To ask the Secretary of State for Levelling Up, Housing and Communities, with reference to his Department's press release entitled Leasehold reforms give more rights and protections to homeowners, published on 27 November 2023, when he plans to bring forward legislative measures to amend the Building Safety Act 2022 to make it easier to ensure that those who caused building-safety defects in enfranchised buildings are made to pay.

Photo of Lee Rowley Lee Rowley Minister of State (Minister for Housing)

Under Part 5 of the Building Safety Act 2022 leaseholders in enfranchised buildings, either individually or collectively, can pursue developers – and their associated companies – via a remediation contribution order, for funds they have spent or will spend remediating their buildings for relevant defects.

We are building on the legislation brought forward by the Act. The Government has tabled several amendments for the Leasehold and Freehold Reform Bill to clarify and extend the protections in some specific areas.
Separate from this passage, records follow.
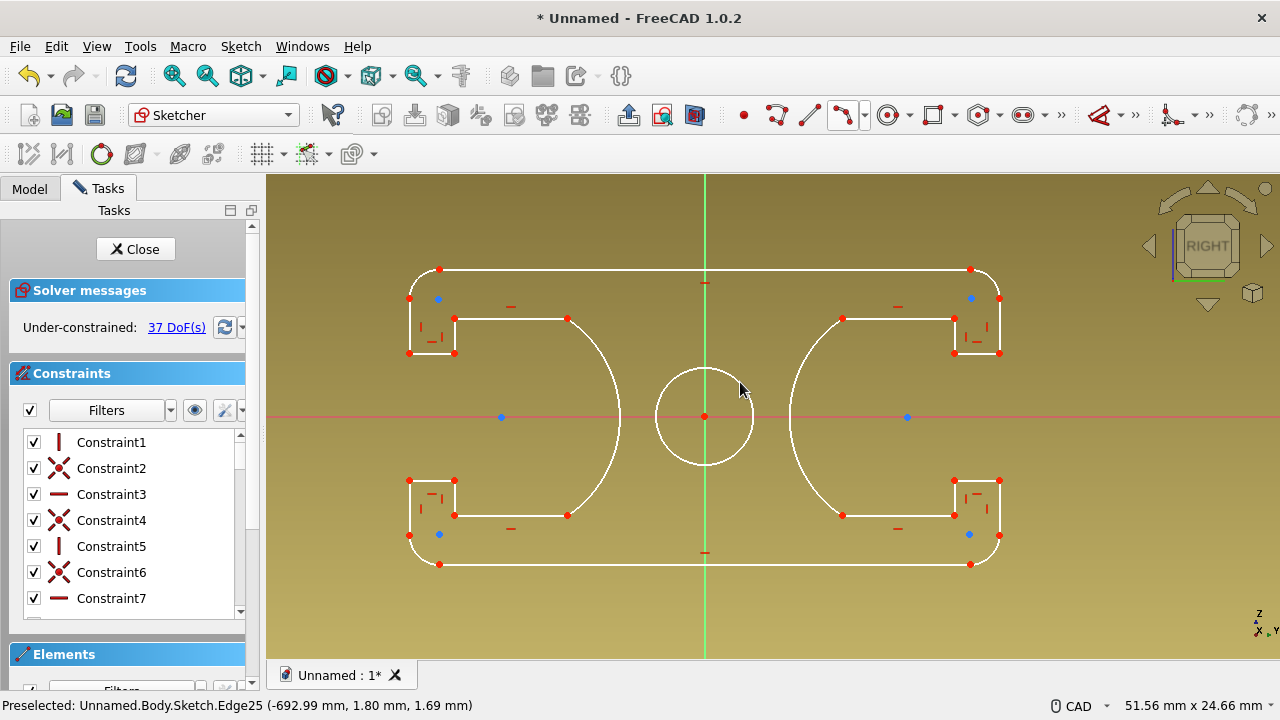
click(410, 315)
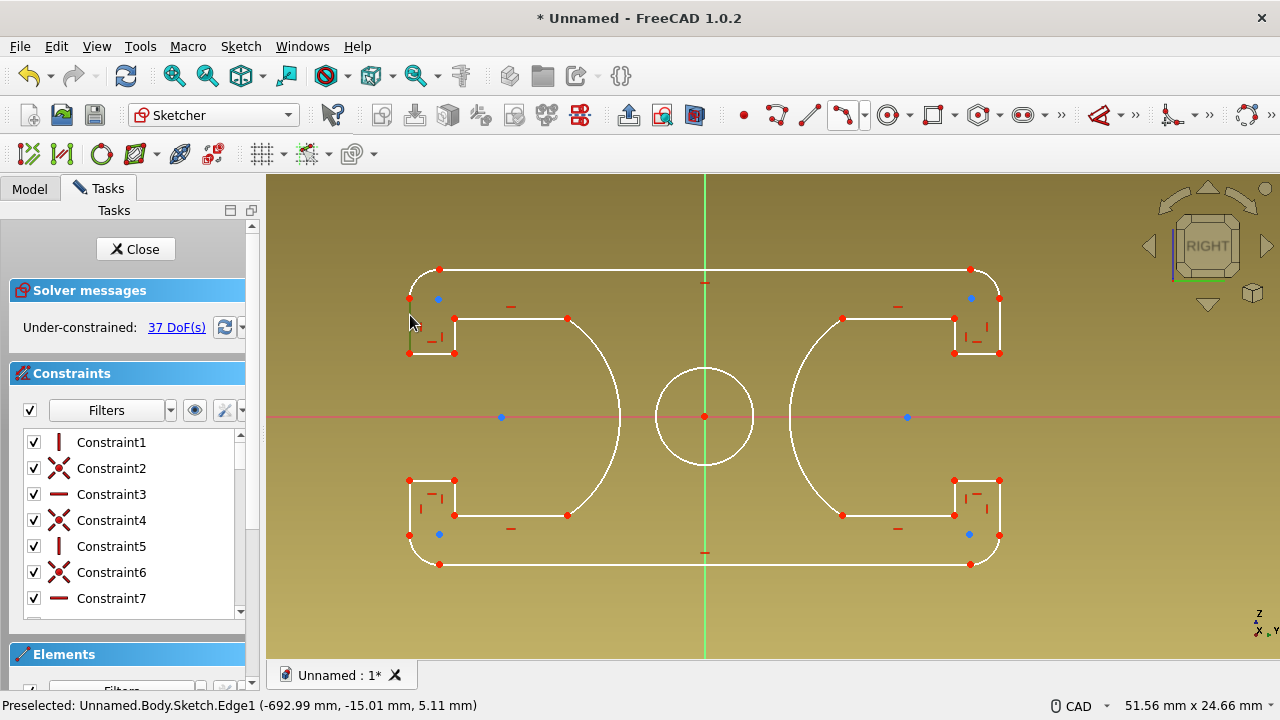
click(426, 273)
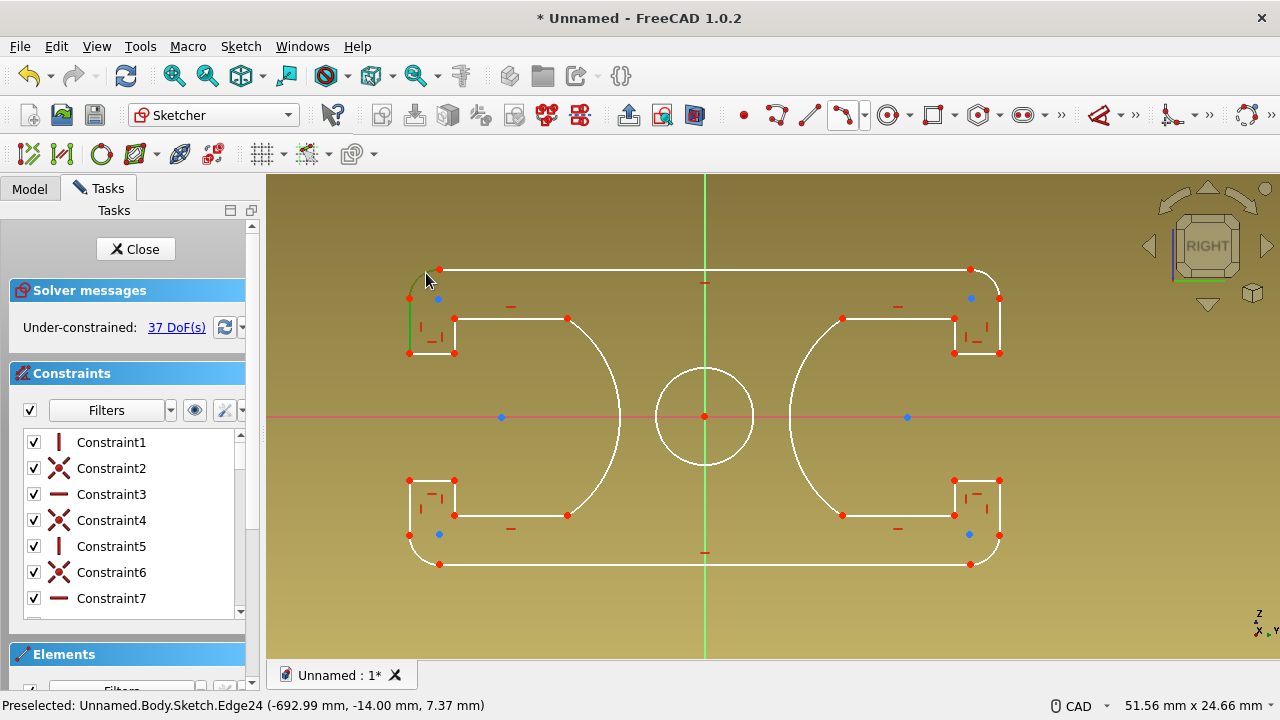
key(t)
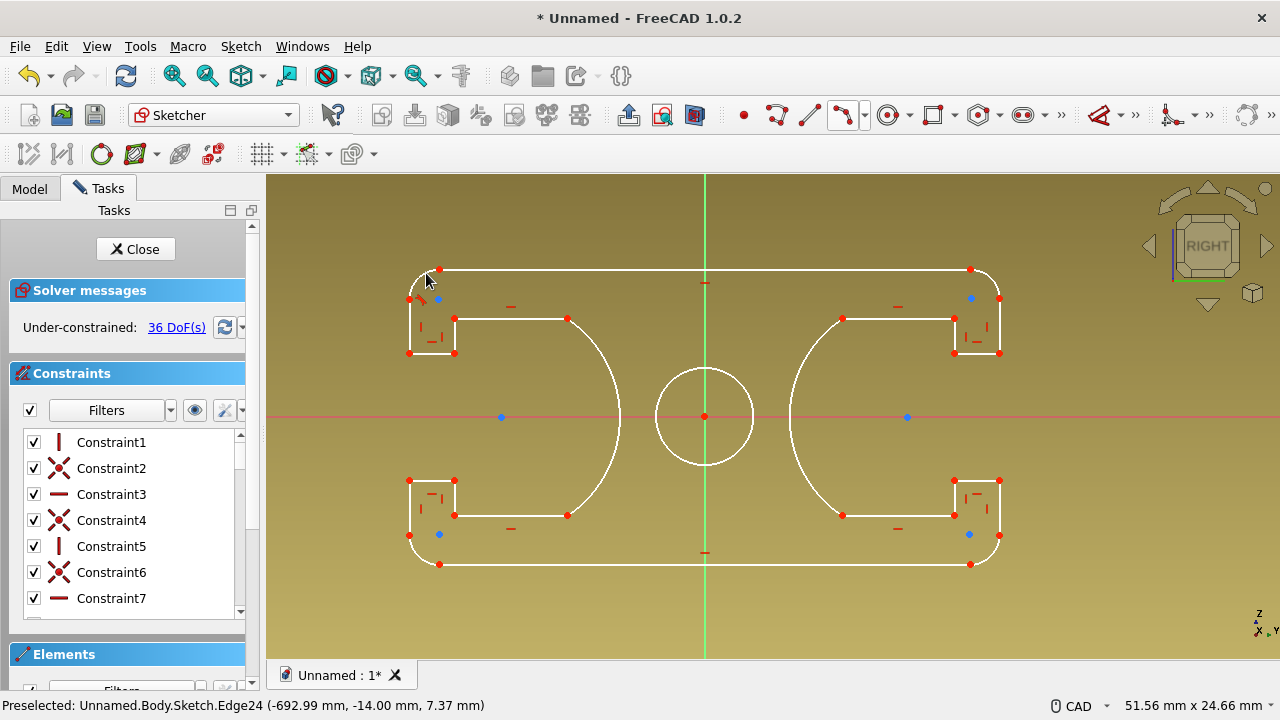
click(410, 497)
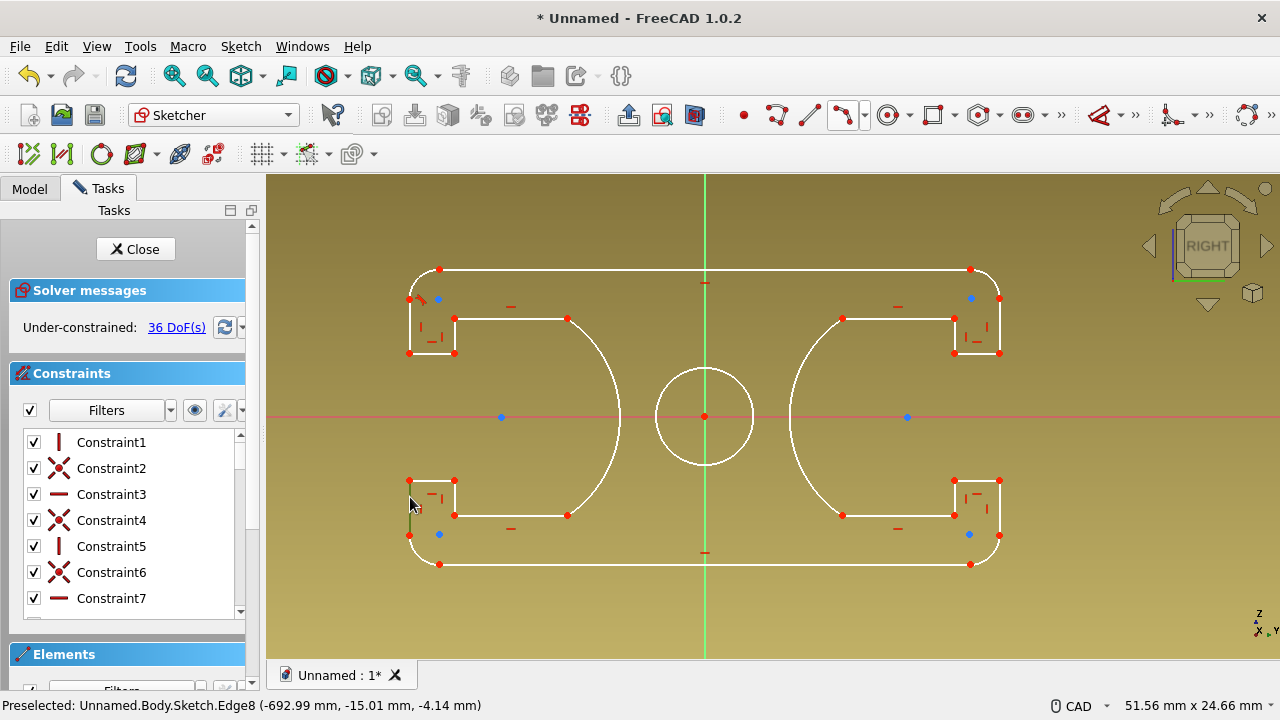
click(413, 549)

These amendments will further prevent freeholders and developers from escaping their liabilities to fund building remediation work – protecting leaseholders by allowing the Building Safety Act 2022 to operate as intended, as well as adding further protections in some specific scenarios.

For example, we have made clear that a remediation contribution order can, among other things, order the landlord or developer to make payments for the costs of:

  • steps which reduce the risk of a relevant defect;
  • obtaining an expert report; and,
  • temporary alternative accommodation and associated costs in connection with a decant from a building in connection with a relevant defect.